Thanks to Jonathan Zdziarski for the above detailed explanation.
|What can you do to practice good security?
||Keeping your servers, sites and computer system secure is a comprehensive topic and is a book not a paragraph. However, below are some pointers that will serve you well:
This information above just barely scratches the surface but you may now be more aware than 15 minutes ago. It is your duty to protect yourself and your customers. While infallible security may be a pipe dream, making things difficult for the bad hackers to compromise your computers, sites and servers is highly recommended. Most hackers will move on to an easier victim and unfortunately there are millions of them out there. Too many people simply don't take security seriously until they are forced to, because they've had their indentity cloned, their PayPal account broken in to or all the private data on their servers compromised. Take the time to start practicing good security habits and stay informed and aware of security at all times.
- Use secure passwords for your servers, sites and personal/corporate computers. We at Net Locations never cease to be amazed at the weak passwords far too many users employ. A good password should be at least 12 characters and must be one that can't be guessed and should be very difficult for hackers to scan. Think of a password as the key to your house, once someone else has it, your house is now their's as well. A good password might look like this - R$y2T!Wt@-08*.
- The number one way hackers get into a site or server is through a compromised password. It may be impossible to make any password hacker proof, but it is possible to make it very difficult to crack. The longer it takes for a hacker to compromise your password, the more likely he is to move on and look for another victim.
- No matter how diffcult your password might be for a hacker to crack, it's irrelevant if your computer is not properly secured. So if you're going to store passwords on your PC make sure they are encrypted. There are plenty of free encryption software packages that will do the job. This is not a bad idea for any other sensitive documentation you might be storing on your computer.
- Use security software like AVG or Vipre to protect you against malware, trojans, worms, viruses, phishing scams, bad Websites and the like. In addition make sure that you keep defintions updated and the software itself as well. Use a password to access your computer.

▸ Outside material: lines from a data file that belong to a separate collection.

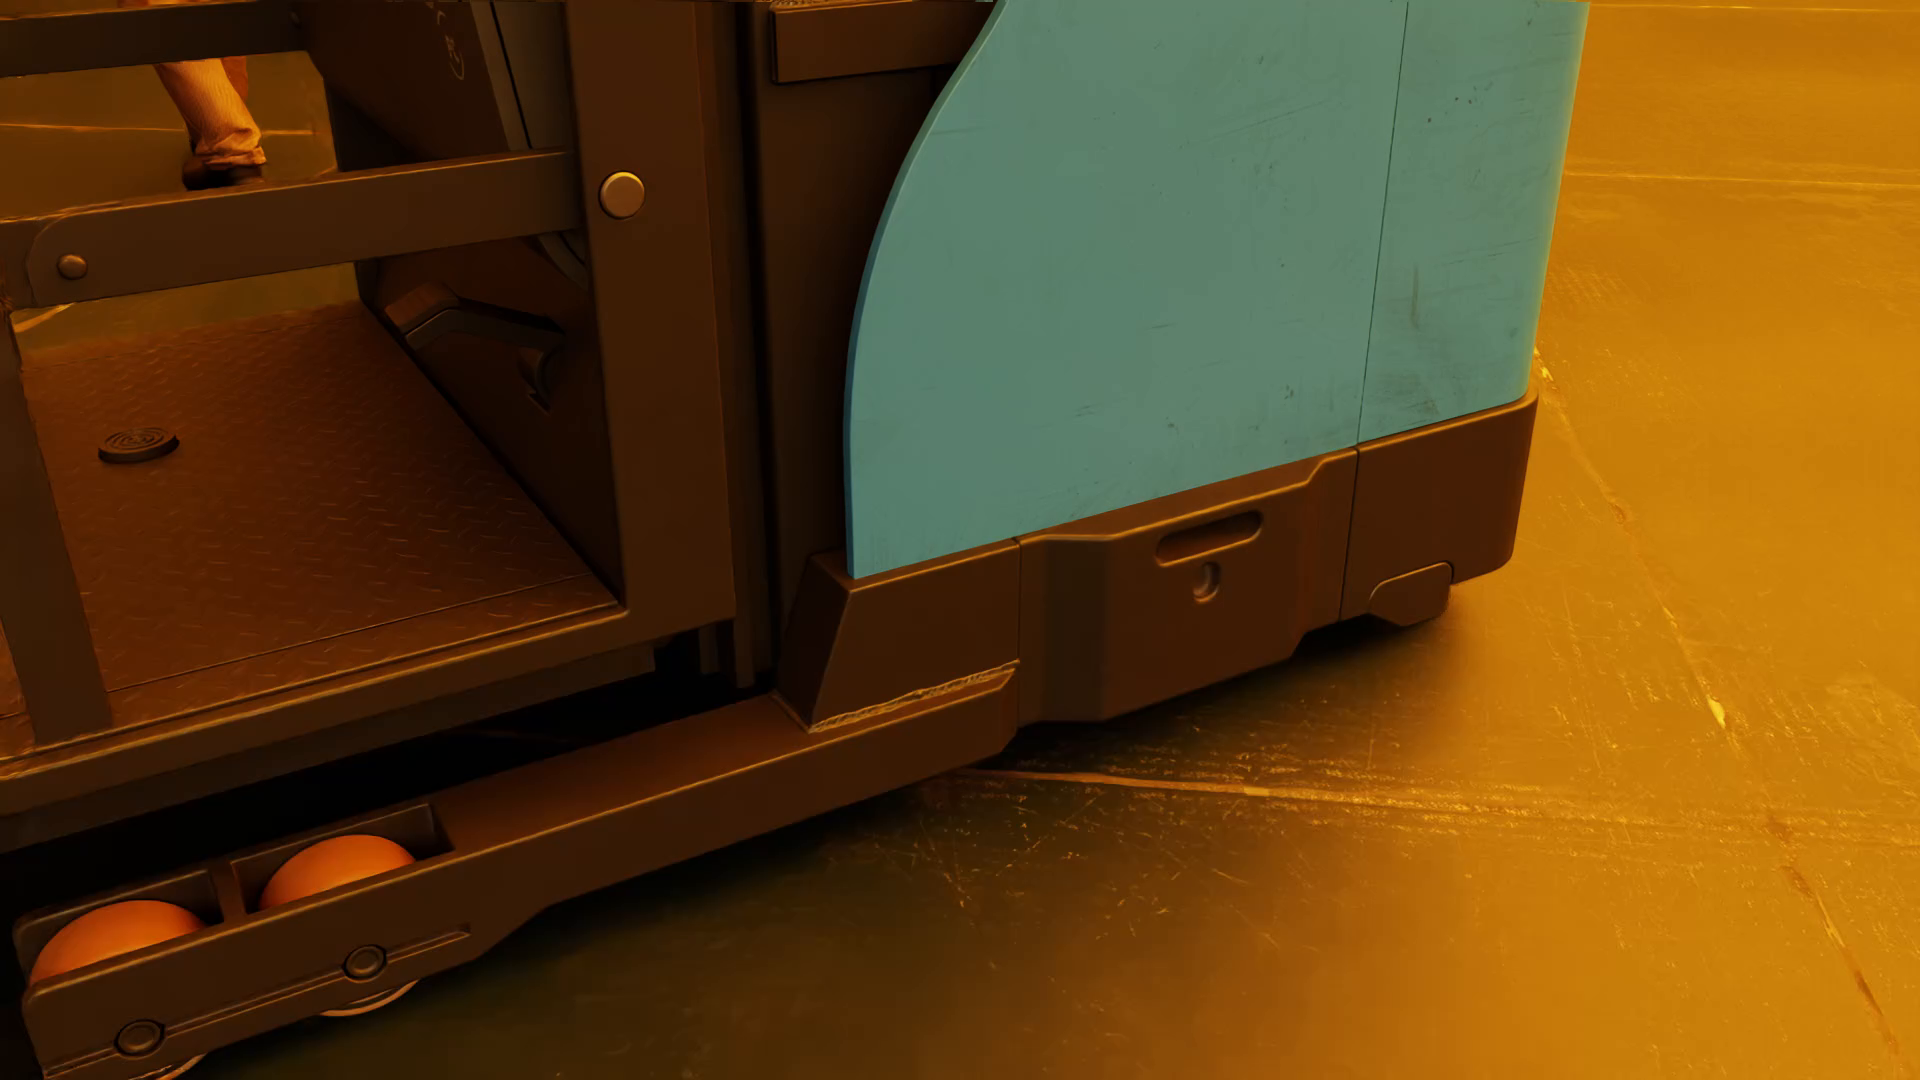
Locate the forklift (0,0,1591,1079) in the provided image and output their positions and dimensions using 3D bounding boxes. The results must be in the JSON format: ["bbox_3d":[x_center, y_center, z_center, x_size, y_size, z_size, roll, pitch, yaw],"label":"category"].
[{"bbox_3d":[-0.760,-1.084,1.389,3.031,2.935,1.130,-15,30,-27],"label":"forklift"}]

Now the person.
[{"bbox_3d":[-1.959,-1.741,4.111,0.756,1.701,0.943,21,34,36],"label":"person"}]
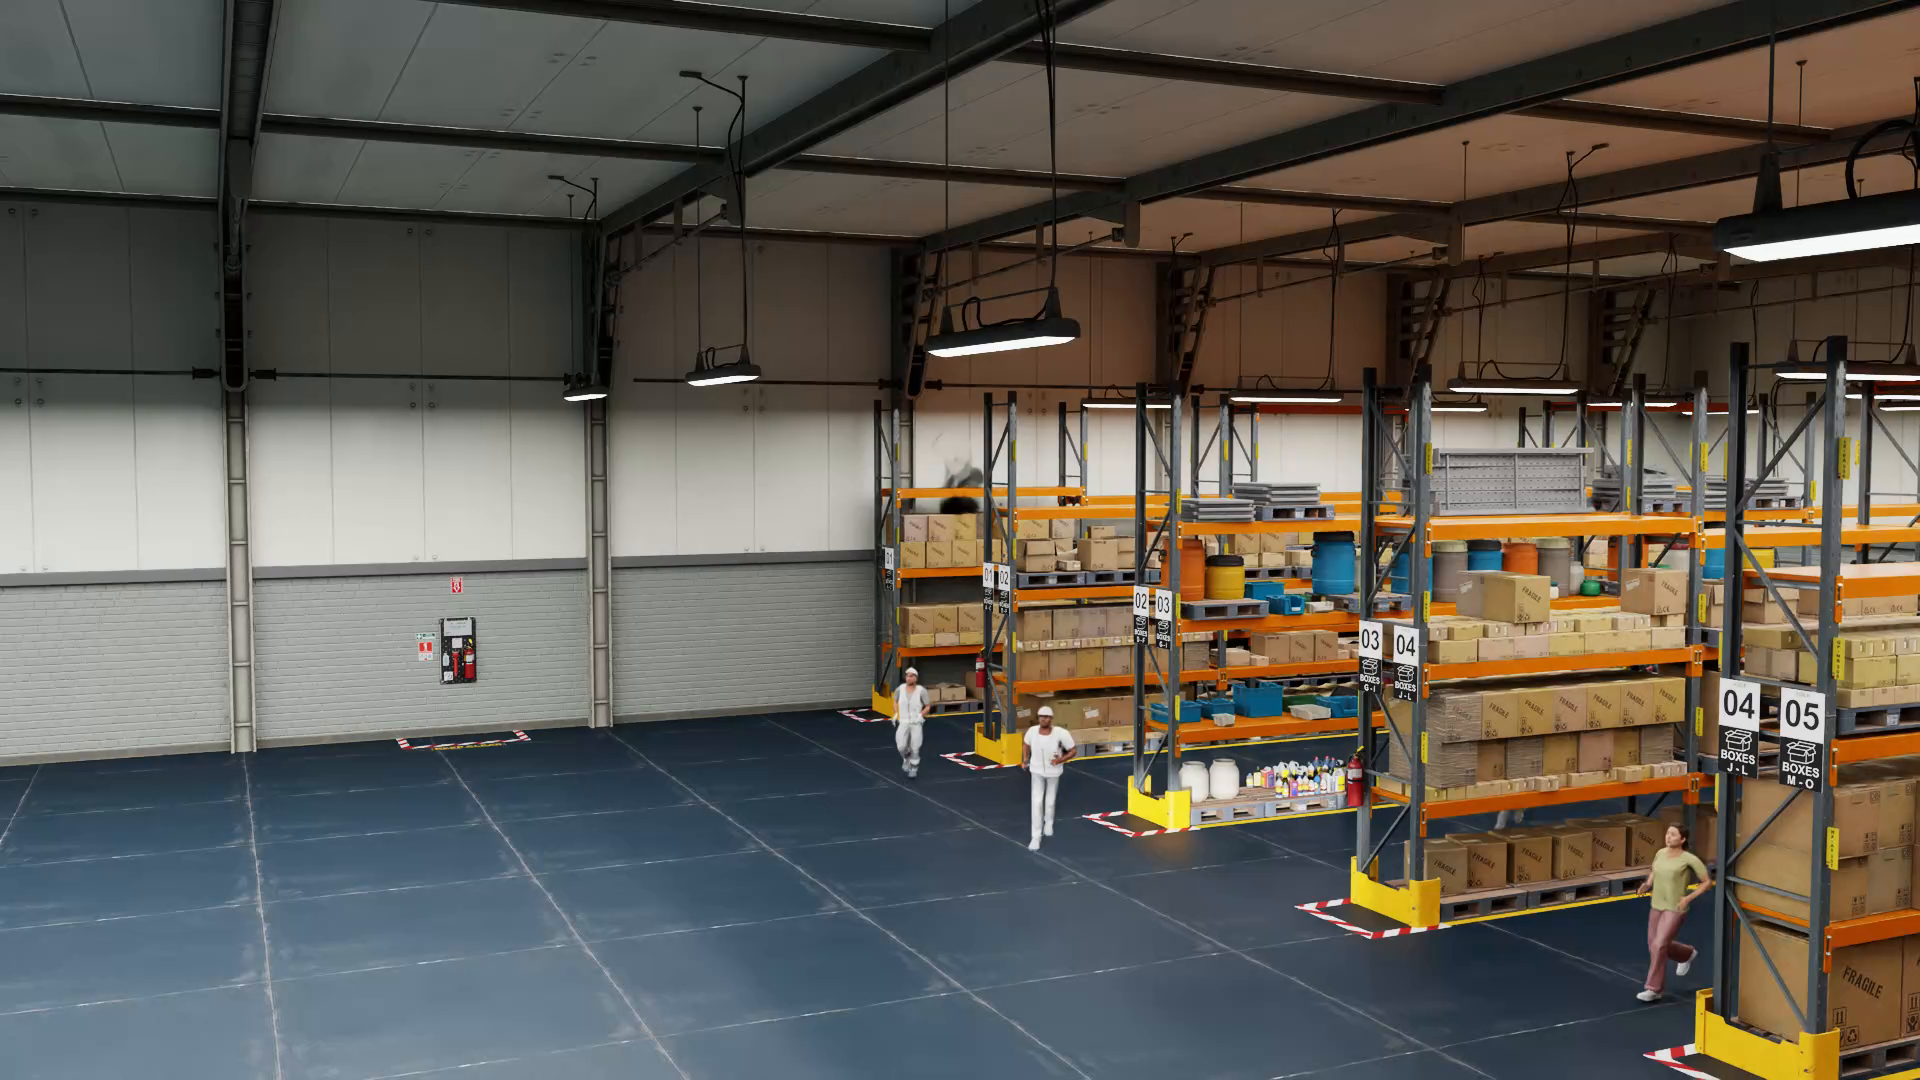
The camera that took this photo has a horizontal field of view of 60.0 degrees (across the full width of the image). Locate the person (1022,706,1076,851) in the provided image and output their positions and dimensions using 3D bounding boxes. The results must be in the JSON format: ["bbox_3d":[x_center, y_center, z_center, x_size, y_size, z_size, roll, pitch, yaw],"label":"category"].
[{"bbox_3d":[1.143,3.026,21.408,0.715,1.808,0.862,1,3,12],"label":"person"}]

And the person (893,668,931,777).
[{"bbox_3d":[-0.764,2.815,25.556,0.609,1.707,0.603,0,3,8],"label":"person"}]

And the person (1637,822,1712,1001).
[{"bbox_3d":[6.627,3.437,15.482,0.832,1.628,0.581,-2,4,-28],"label":"person"}]

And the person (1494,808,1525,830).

- Always use safe email practices. Don't open attachments from anyone and that includes your best friend, unless you were expecting it and know the file name and sender. Don't click on links from spammers or other emails such as phishing scams. Visiting rogue Websites is one of the premier ways that hackers compromise your computer and attach it to a Bot Network.
- Flaws in Web-based software is another security risk that hackers love to exploit. Often applications are written by teams of coders and assembled later; there exists a very strong possibility that somewhere in this process somebody made an error and left a major security hole in the software. Hackers can exploit this type of software and gain access to the data behind it or even upload malware to the Website. Before putting any application software into use be sure to have it tested for security flaws and patched immediately; also keep all such software patched and up to date.
- If you are using your own servers (cloud, dedicated, VDS and the like), be sure to have it or them properly secured by professional security experts.